Previous studies by Renshaw et al. (54) support a dual function for v-Abl, as an activator and as a suppressor of cell growth, depending on the cellular context. Inhibition of cell proliferation by c-Abl overexpression in fibroblasts has also been reported (55). Our data show that c-Abl induced E2F-1 transactivation. These seemingly contradictory data, c-Abl-mediated activation of E2F with c-Abl being growth inhibitory (55) and, in contrast, v-Abl-mediated activation of E2F with v-Abl being growth stimulatory (presented here and by Wong et al. (44)), could be explained by as yet unidentified differences that are intrinsic to the nature of the oncogenic v-Abl proteins as well as the cellular environment that interacts with these proteins. Interestingly, the E2F-1 knock-out mice have led to similar conundrums at the organismal level. In the E2F-1^/ mice expressing phenotype (56, 57), E2F-1 functions to regulate apoptosis and suppress cell proliferation, whereas overexpression studies indicate that E2F-1 stimulates cell proliferation.
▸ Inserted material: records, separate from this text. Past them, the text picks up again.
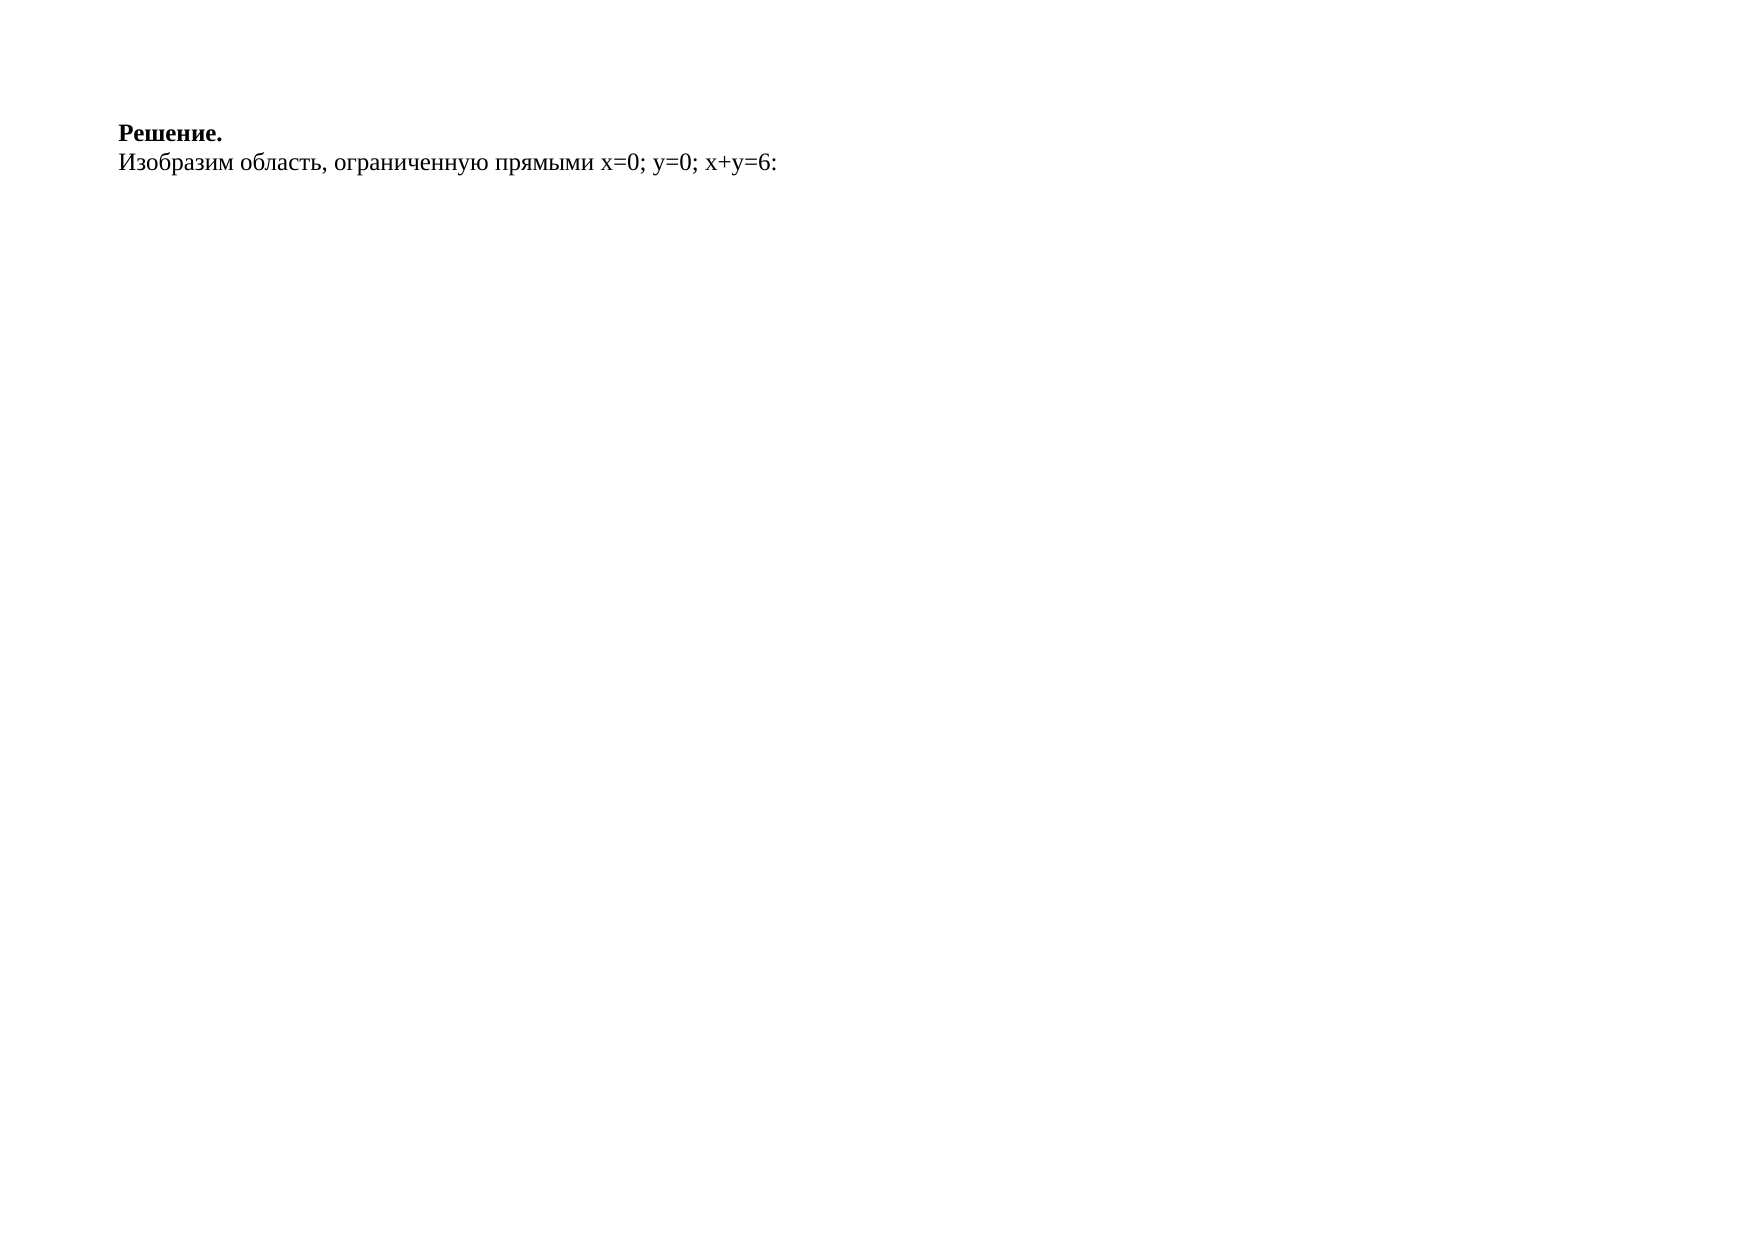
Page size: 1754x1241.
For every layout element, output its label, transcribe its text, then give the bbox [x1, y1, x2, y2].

text Изобразим область, ограниченную прямыми x=0; y=0; x+y=6: [118, 147, 877, 176]
text Решение. [118, 118, 877, 147]
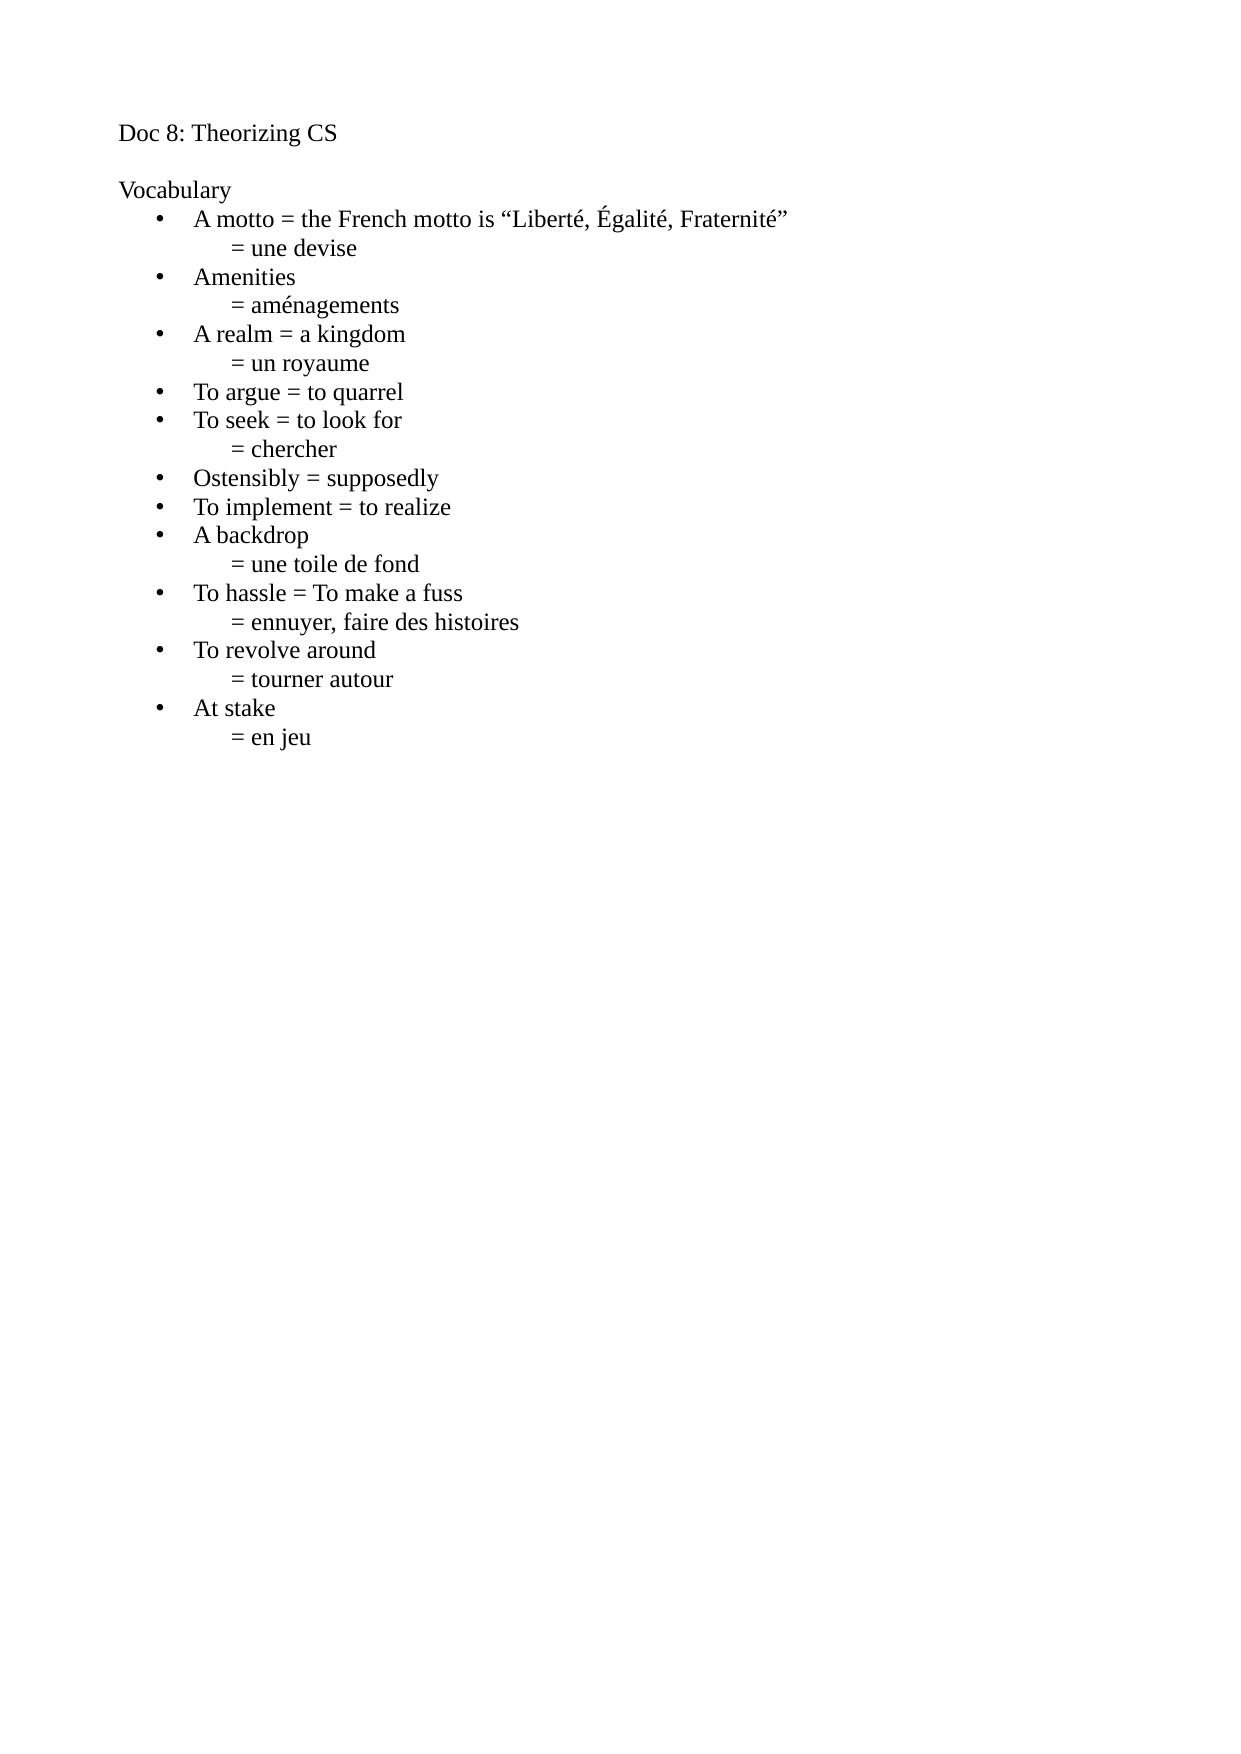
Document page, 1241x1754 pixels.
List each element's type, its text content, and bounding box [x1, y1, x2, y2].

list = aménagements [193, 291, 1122, 319]
list = chercher [193, 434, 1122, 463]
list To implement = to realize [156, 492, 1122, 521]
list To revolve around [156, 636, 1122, 664]
list Amenities [156, 262, 1122, 291]
list = un royaume [193, 348, 1122, 377]
list = une devise [193, 233, 1122, 262]
list To argue = to quarrel [156, 377, 1122, 406]
list = une toile de fond [193, 549, 1122, 578]
list Ostensibly = supposedly [156, 463, 1122, 492]
list = ennuyer, faire des histoires [193, 607, 1122, 636]
list A backdrop [156, 521, 1122, 549]
list To hassle = To make a fuss [156, 578, 1122, 607]
list = en jeu [193, 722, 1122, 751]
text Doc 8: Theorizing CS [118, 118, 1122, 147]
list = tourner autour [193, 664, 1122, 693]
list A motto = the French motto is “Liberté, Égalité, Fraternité” [156, 204, 1122, 233]
list A realm = a kingdom [156, 319, 1122, 348]
list At stake [156, 693, 1122, 722]
list To seek = to look for [156, 406, 1122, 434]
text Vocabulary [118, 176, 1122, 204]
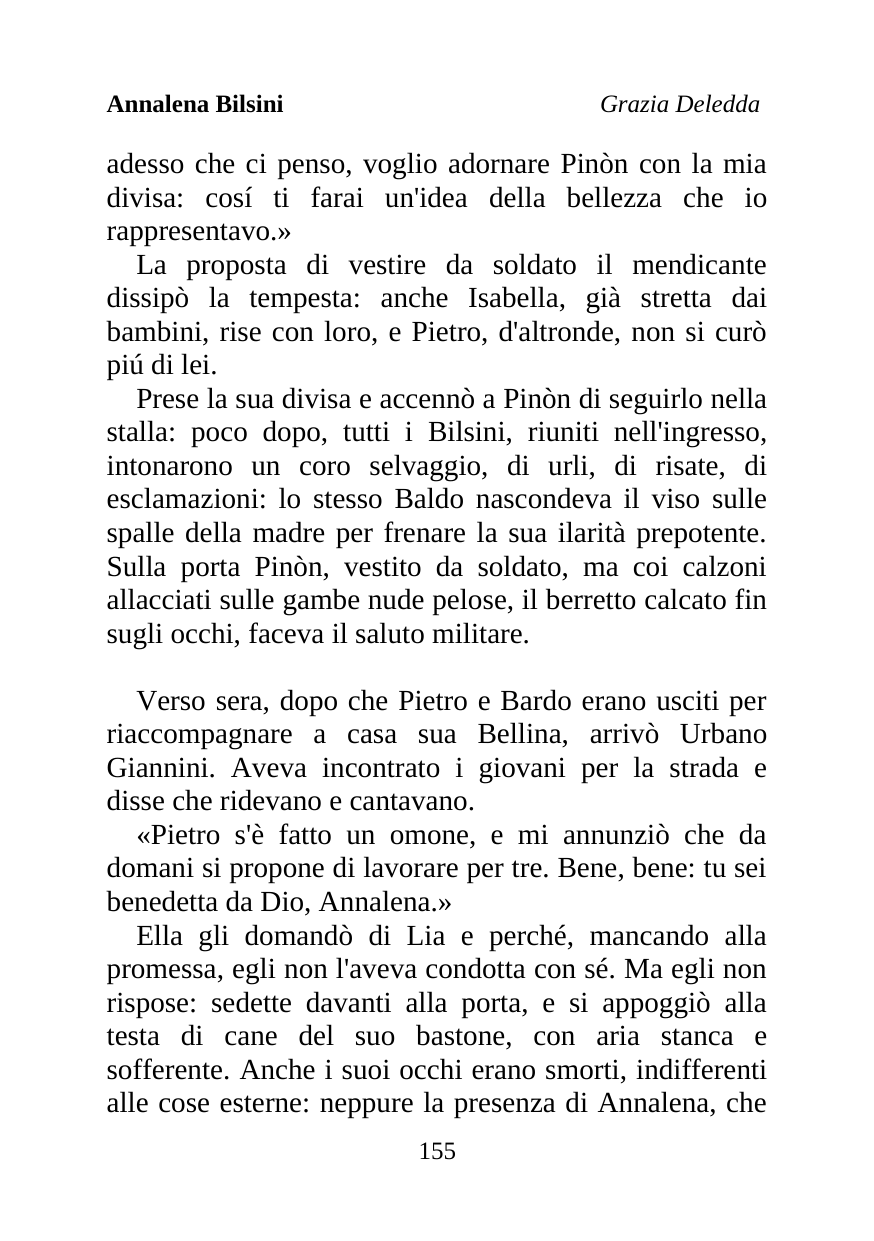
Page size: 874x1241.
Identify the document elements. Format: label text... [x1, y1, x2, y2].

text Verso sera, dopo che Pietro e Bardo erano usciti per riaccompagnare a casa sua Bellina, arrivò Urbano Giannini. Aveva incontrato i giovani per la strada e disse che ridevano e cantavano. [106, 683, 768, 817]
text Ella gli domandò di Lia e perché, mancando alla promessa, egli non l'aveva condotta con sé. Ma egli non rispose: sedette davanti alla porta, e si appoggiò alla testa di cane del suo bastone, con aria stanca e sofferente. Anche i suoi occhi erano smorti, indifferenti alle cose esterne: neppure la presenza di Annalena, che [106, 918, 768, 1119]
text Prese la sua divisa e accennò a Pinòn di seguirlo nella stalla: poco dopo, tutti i Bilsini, riuniti nell'ingresso, intonarono un coro selvaggio, di urli, di risate, di esclamazioni: lo stesso Baldo nascondeva il viso sulle spalle della madre per frenare la sua ilarità prepotente. Sulla porta Pinòn, vestito da soldato, ma coi calzoni allacciati sulle gambe nude pelose, il berretto calcato fin sugli occhi, faceva il saluto militare. [106, 381, 768, 649]
text «Pietro s'è fatto un omone, e mi annunziò che da domani si propone di lavorare per tre. Bene, bene: tu sei benedetta da Dio, Annalena.» [106, 817, 768, 918]
text La proposta di vestire da soldato il mendicante dissipò la tempesta: anche Isabella, già stretta dai bambini, rise con loro, e Pietro, d'altronde, non si curò piú di lei. [106, 247, 768, 381]
text adesso che ci penso, voglio adornare Pinòn con la mia divisa: cosí ti farai un'idea della bellezza che io rappresentavo.» [106, 146, 768, 247]
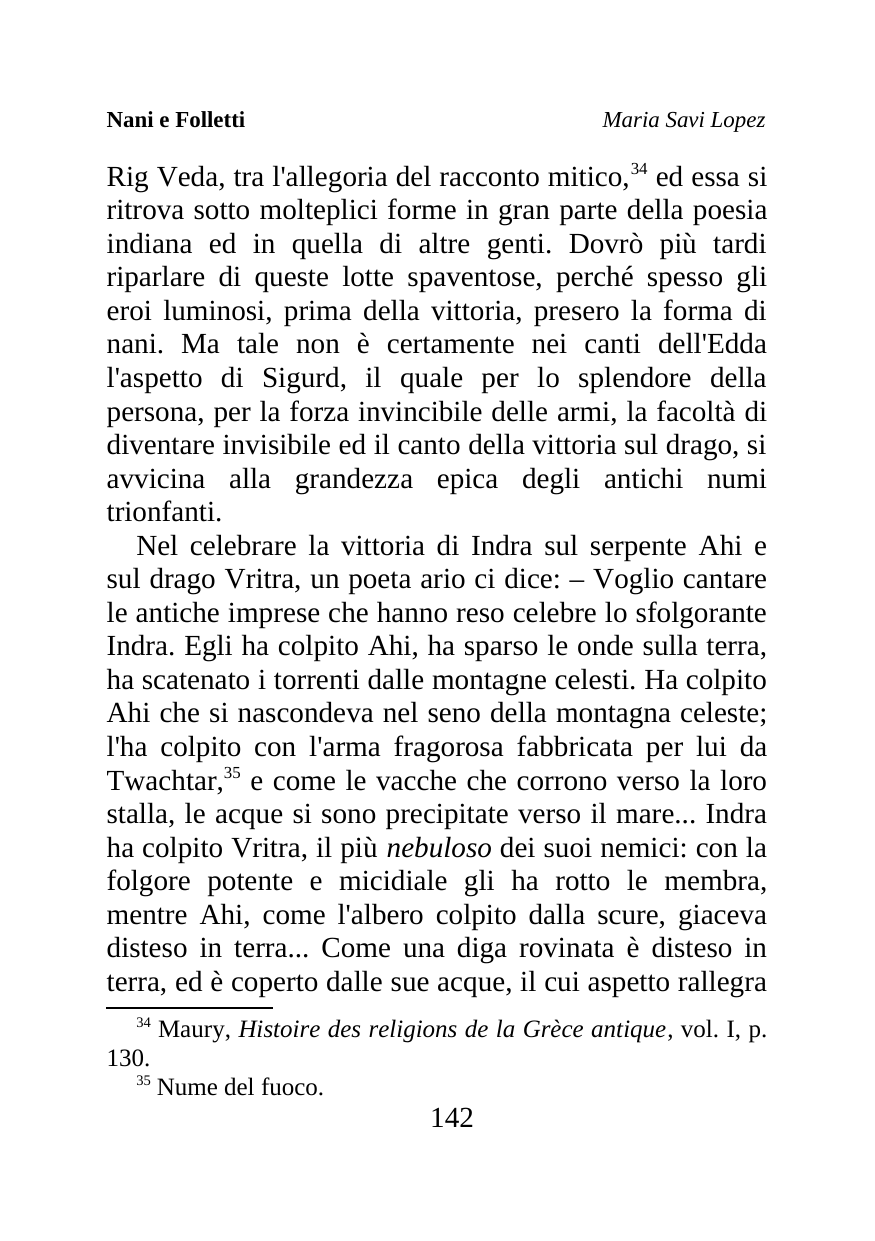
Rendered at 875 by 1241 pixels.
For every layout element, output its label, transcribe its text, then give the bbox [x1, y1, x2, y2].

These results suggest that the actions of a single gene (like E2F-1) are either (i) deterministically dependent upon the cellular environment or (ii) inherently different in its mode of action, perhaps relying on its concentration or other factors that allow for it to behave both as a simulator or as an inhibitor of cellular functions (58).

The v-Abl-E2F-1 interaction and transactivation events shown here suggest that a complex system exists for controlling the activity of the E2F transcription factor. This interaction can occur in the absence of RB as demonstrated by our studies in RB^/ cells. Another study with Rb^/ murine fibroblasts showed abnormal S phase entry and activation of E2F-responsive genes (59) despite the presence of p107 and p130, which seem to bind distinctly to other members of the E2F family (31, 60). Inactivation of RB, but not the p107 and p130 genes, has been implicated in the etiology of a subset of human tumors (16-19, 61). Recently, c-Abl has been shown to form a complex with the hypophosphorylated form of RB (14, 15). Hypophosphorylated RB also binds to a domain in the carboxyl-terminal region of E2F-1 and decreases transcriptional activation of E2F target genes like c-myc (43, 62) and c-myb (38). Phosphorylation of RB disrupts the interaction between RB and c-Abl, as well as RB and E2F-1.

In 32D-abl cells, in addition to binding to E2F-1 as shown here, we have reported recently that the p120-v-Abl protein can bind to RB (37). Both events increase E2F-1 transactivation ability. These findings suggest that these two regulatory pathways are interrelated and may implicate v-Abl-mediated transcriptional activation in v-Abl-driven cellular transformation events. v-Abl transformation leads to significant overexpression of p120-v-Abl, which not only binds E2F-1 but also binds RB, resulting in constitutive activation of E2F-mediated transcription.